── EXERCISE DATA
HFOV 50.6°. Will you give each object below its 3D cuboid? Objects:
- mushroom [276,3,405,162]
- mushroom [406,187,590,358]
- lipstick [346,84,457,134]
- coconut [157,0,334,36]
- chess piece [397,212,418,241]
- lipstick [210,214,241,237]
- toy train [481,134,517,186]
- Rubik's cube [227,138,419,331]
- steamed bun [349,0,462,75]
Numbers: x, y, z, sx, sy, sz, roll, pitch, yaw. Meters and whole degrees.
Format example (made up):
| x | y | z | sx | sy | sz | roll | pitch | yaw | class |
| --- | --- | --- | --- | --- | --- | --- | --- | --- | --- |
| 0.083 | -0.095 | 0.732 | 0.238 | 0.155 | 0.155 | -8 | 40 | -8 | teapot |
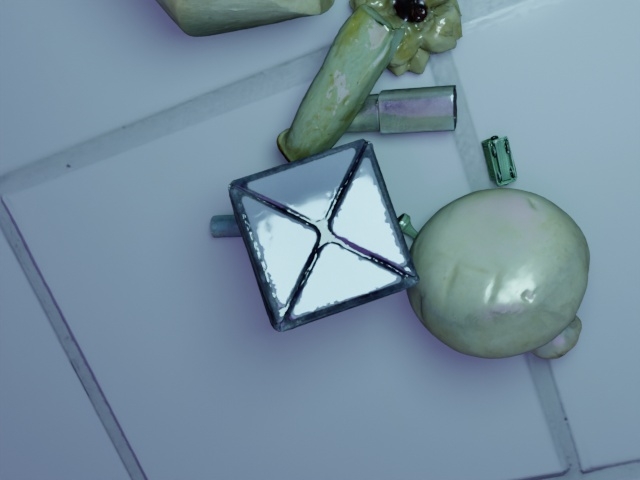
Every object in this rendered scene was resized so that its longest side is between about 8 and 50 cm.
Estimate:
| x | y | z | sx | sy | sz | roll | pitch | yaw | class |
| --- | --- | --- | --- | --- | --- | --- | --- | --- | --- |
| 0.024 | -0.246 | 1.150 | 0.100 | 0.081 | 0.312 | 33 | 123 | -3 | mushroom |
| 0.329 | 0.072 | 1.175 | 0.356 | 0.315 | 0.315 | 37 | 113 | 5 | mushroom |
| 0.116 | -0.233 | 1.221 | 0.253 | 0.079 | 0.077 | 0 | 112 | 14 | lipstick |
| -0.125 | -0.506 | 1.030 | 0.416 | 0.344 | 0.415 | 5 | 109 | 14 | coconut |
| 0.184 | -0.009 | 1.311 | 0.093 | 0.042 | 0.042 | 41 | 112 | -10 | chess piece |
| -0.141 | -0.031 | 1.364 | 0.158 | 0.048 | 0.048 | -2 | 109 | 12 | lipstick |
| 0.322 | -0.146 | 1.223 | 0.038 | 0.056 | 0.093 | -18 | 106 | -1 | toy train |
| 0.000 | 0.000 | 1.170 | 0.259 | 0.260 | 0.254 | -19 | 85 | -8 | Rubik's cube |
| 0.148 | -0.374 | 1.150 | 0.178 | 0.106 | 0.192 | -16 | 107 | 18 | steamed bun |
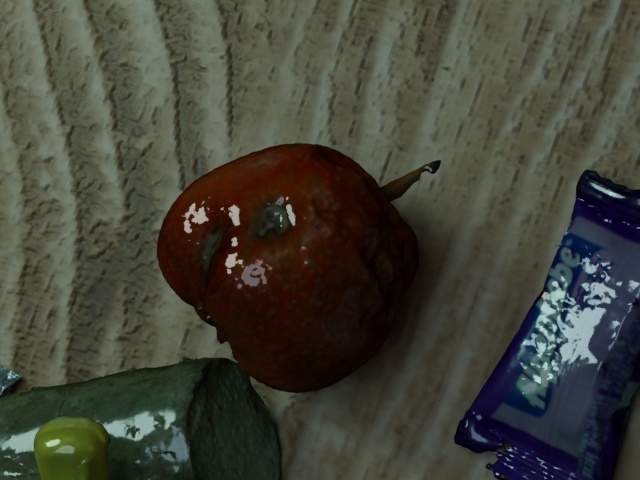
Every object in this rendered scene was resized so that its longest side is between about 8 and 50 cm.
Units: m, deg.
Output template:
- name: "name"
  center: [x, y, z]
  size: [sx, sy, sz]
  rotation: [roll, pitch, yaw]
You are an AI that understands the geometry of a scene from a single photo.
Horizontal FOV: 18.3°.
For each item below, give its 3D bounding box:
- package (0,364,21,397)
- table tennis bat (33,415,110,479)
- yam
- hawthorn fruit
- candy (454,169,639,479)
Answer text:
- name: "package"
  center: [-0.309, 0.168, 1.826]
  size: [0.037, 0.015, 0.110]
  rotation: [19, 87, 24]
- name: "table tennis bat"
  center: [-0.175, 0.313, 1.626]
  size: [0.224, 0.054, 0.369]
  rotation: [-1, 112, 14]
- name: "yam"
  center: [-0.182, 0.195, 1.695]
  size: [0.268, 0.161, 0.161]
  rotation: [-12, 74, 18]
- name: "hawthorn fruit"
  center: [0.000, 0.000, 1.649]
  size: [0.243, 0.207, 0.207]
  rotation: [-39, 67, -3]
- name: "candy"
  center: [0.220, 0.079, 1.602]
  size: [0.145, 0.070, 0.275]
  rotation: [27, 94, 31]
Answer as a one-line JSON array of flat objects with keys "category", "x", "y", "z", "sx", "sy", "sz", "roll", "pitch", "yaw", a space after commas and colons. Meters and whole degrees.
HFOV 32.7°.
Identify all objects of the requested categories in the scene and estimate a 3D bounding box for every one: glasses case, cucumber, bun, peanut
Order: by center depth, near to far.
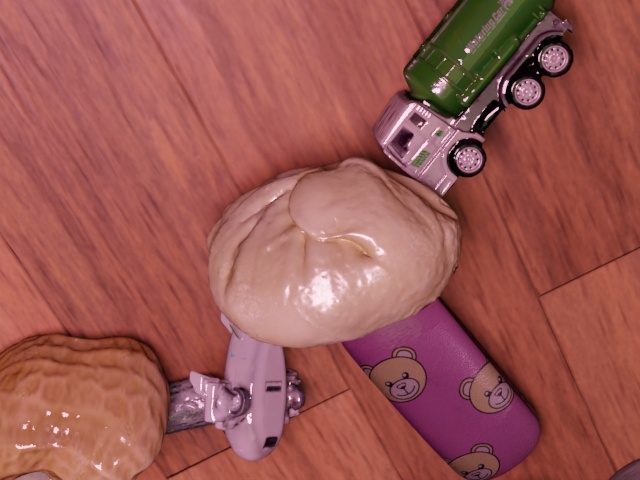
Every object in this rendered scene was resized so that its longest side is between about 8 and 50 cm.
[{"category": "bun", "x": 0.000, "y": 0.000, "z": 1.093, "sx": 0.259, "sy": 0.259, "sz": 0.160, "roll": -21, "pitch": 112, "yaw": 1}, {"category": "peanut", "x": -0.280, "y": 0.183, "z": 1.171, "sx": 0.233, "sy": 0.196, "sz": 0.110, "roll": 8, "pitch": 137, "yaw": -7}, {"category": "cucumber", "x": -0.168, "y": 0.194, "z": 1.254, "sx": 0.112, "sy": 0.064, "sz": 0.064, "roll": -14, "pitch": 115, "yaw": -2}, {"category": "glasses case", "x": 0.141, "y": 0.163, "z": 1.278, "sx": 0.123, "sy": 0.076, "sz": 0.316, "roll": -37, "pitch": 113, "yaw": 7}]

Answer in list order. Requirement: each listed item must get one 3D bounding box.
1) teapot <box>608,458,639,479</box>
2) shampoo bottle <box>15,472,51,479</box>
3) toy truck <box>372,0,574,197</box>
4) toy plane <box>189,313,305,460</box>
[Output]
[{"category": "teapot", "x": 0.458, "y": 0.376, "z": 1.379, "sx": 0.239, "sy": 0.149, "sz": 0.162, "roll": -4, "pitch": 113, "yaw": -6}, {"category": "shampoo bottle", "x": -0.309, "y": 0.311, "z": 1.270, "sx": 0.118, "sy": 0.087, "sz": 0.234, "roll": -9, "pitch": 114, "yaw": -5}, {"category": "toy truck", "x": 0.156, "y": -0.169, "z": 1.126, "sx": 0.125, "sy": 0.101, "sz": 0.242, "roll": 35, "pitch": 102, "yaw": -16}, {"category": "toy plane", "x": -0.079, "y": 0.157, "z": 1.212, "sx": 0.080, "sy": 0.174, "sz": 0.174, "roll": -6, "pitch": 120, "yaw": 35}]
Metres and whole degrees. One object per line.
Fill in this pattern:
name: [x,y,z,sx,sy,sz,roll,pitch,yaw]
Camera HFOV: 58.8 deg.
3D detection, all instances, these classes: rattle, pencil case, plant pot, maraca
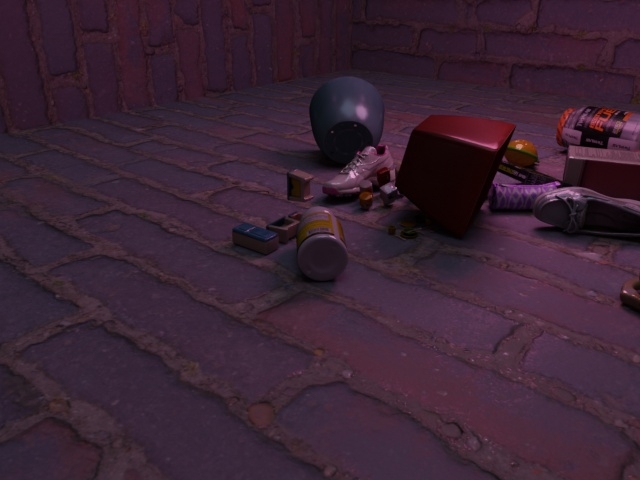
────
** ABOUT THIS TASK **
Where a line in the records above contains the string "bounding", return that line.

** ANSWER TO THIS TASK **
For each item below, give its 3D bounding box:
Identify all objects of the requested categories in the scene and estimate a 3D bounding box for every one: glasses case, cucumber, bun, peanut
Answer in list order. Requirement: each listed item must get one 3D bounding box.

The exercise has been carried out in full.